Developer Financing for New Development
Started by bkgirl
over 16 years ago
Posts: 39
Member since: May 2009
Discussion about
Hi! We're buying in a new development where the seller/builder is going to cover our closing costs if we go with their preferred lender. This is a substantial amount and we're going with the lender...but any tips on how we can avoid getting screwed by whomever the loan is sold to? How to get the best terms and rates when you can't shop around? Any advice is much appreciated!
What development are you buying in?
Although these lender restrictins sound suspicious, they aren't usually bad. I certainly have not heard complaints about having gone w/ developers' preferred lenders.
It is usually for your own good. Specifically, the lender knows the bldg. well, so there won't be extra time wasted investigating or assessing it (i.e., it'll facilitate the process), and they may also relax the %-sold requirements, etc.

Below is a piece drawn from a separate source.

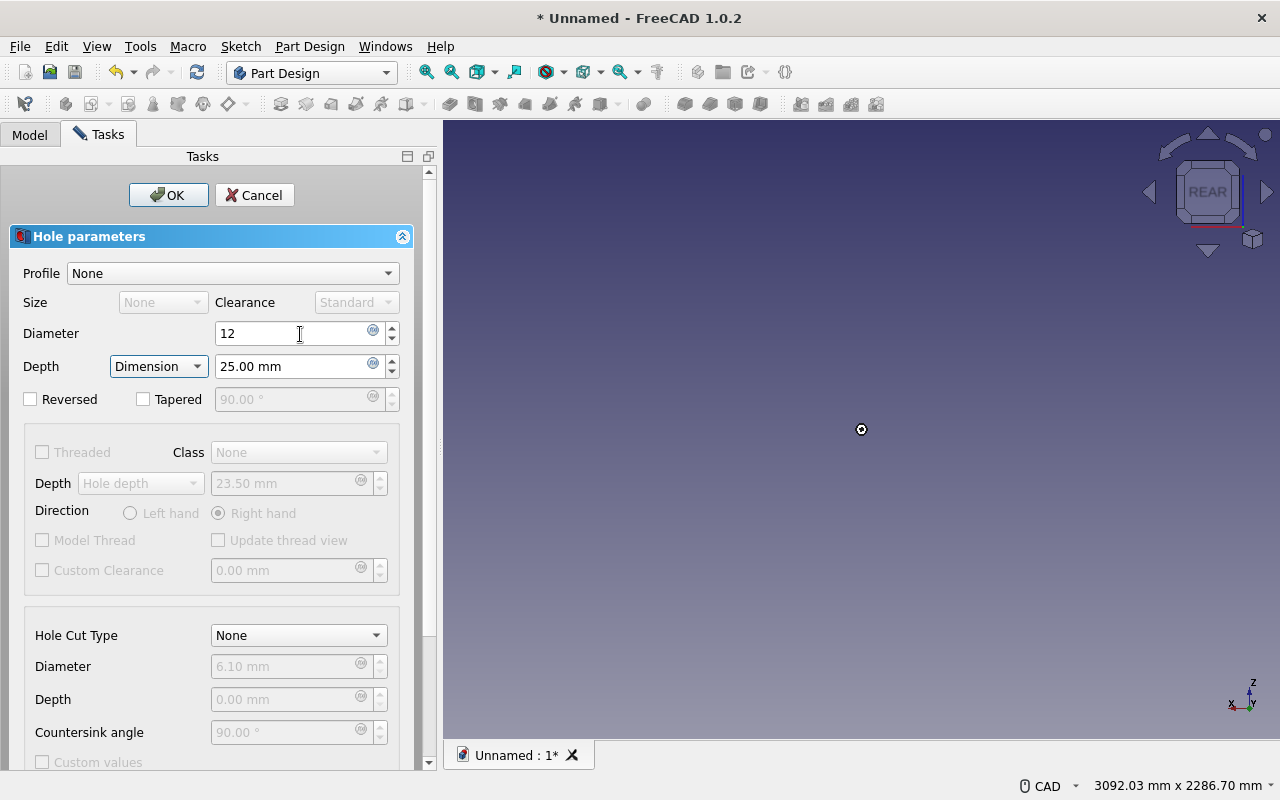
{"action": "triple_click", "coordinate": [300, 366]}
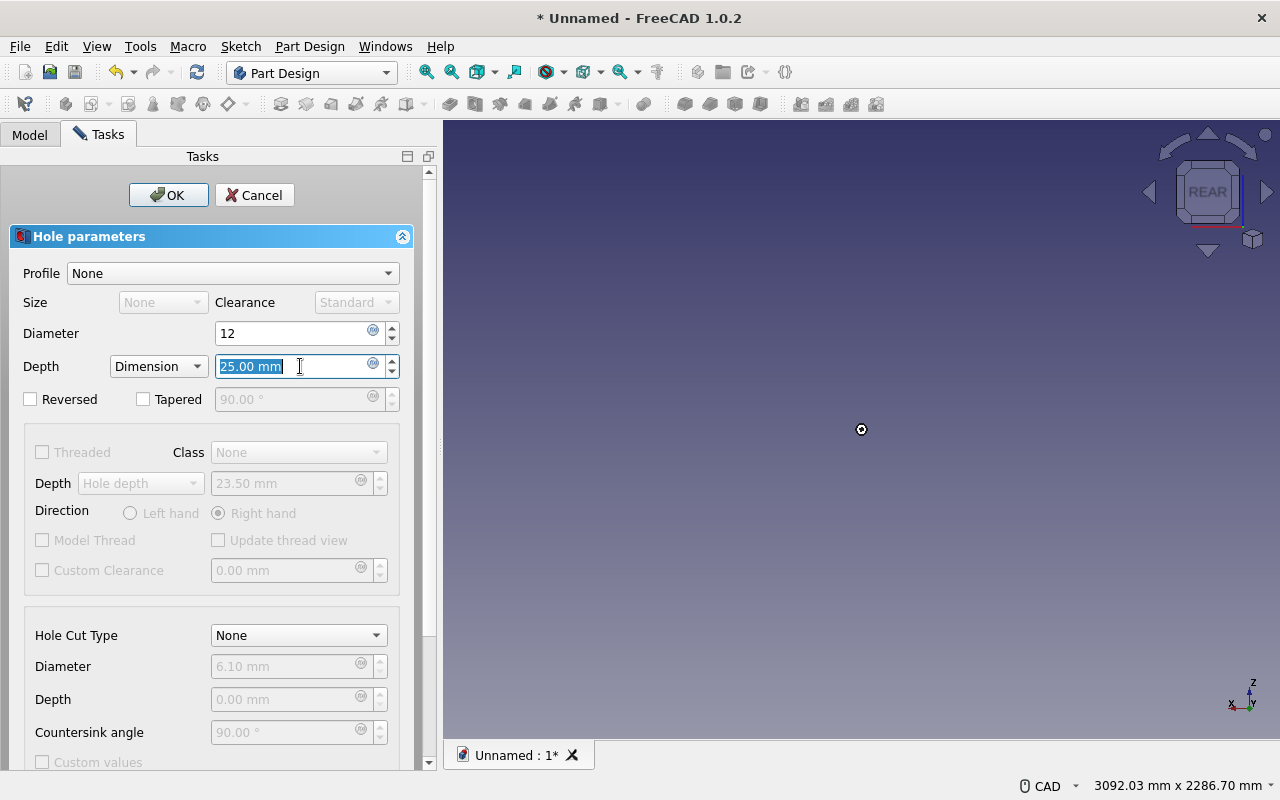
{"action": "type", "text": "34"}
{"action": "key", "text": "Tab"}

Also, their rates tend to be very good.
If you want to ensure that you're getting a good rate, you can aways speak to a morgage broaker or two, maybe through lendingtree.com, to compare rates (althouh you know you won't be using them...which always sounds unethical to me, but it certainly is acceptable to shop around...). My guess is that the preferred lender will give you one of the best deals--if not the best. Good luck!
you will not have problems as long as you get a 30 yr fixed rate. the problem will be if there will not be enough people who want to use the preferred lender to achieve the needed 50-70% for other lenders to start financing of the development. you can then end up in a bad situation.
Thanks for the comments guys! The building is about 60% sold now, and we're waiting for a COO.
I'm glad to hear it's not going to be a huge potential problem!
What are some thoughts on buying into a new development in which the the developer offers the purchaser a financing contingency - but only to the extent that the preferred lender choses not to close on the loan. Essentially, the developer can force the purchaser to close if the preferred lender is willing to step up and make a loan. Is this typical? Is this something that I should be warry of?
Would seem to me that this would give the preferred lender a lot of leverage to make last minute changes to the contract at the closing table (opps...did I say the rate was 5.5%? I meant 6.0%..etc).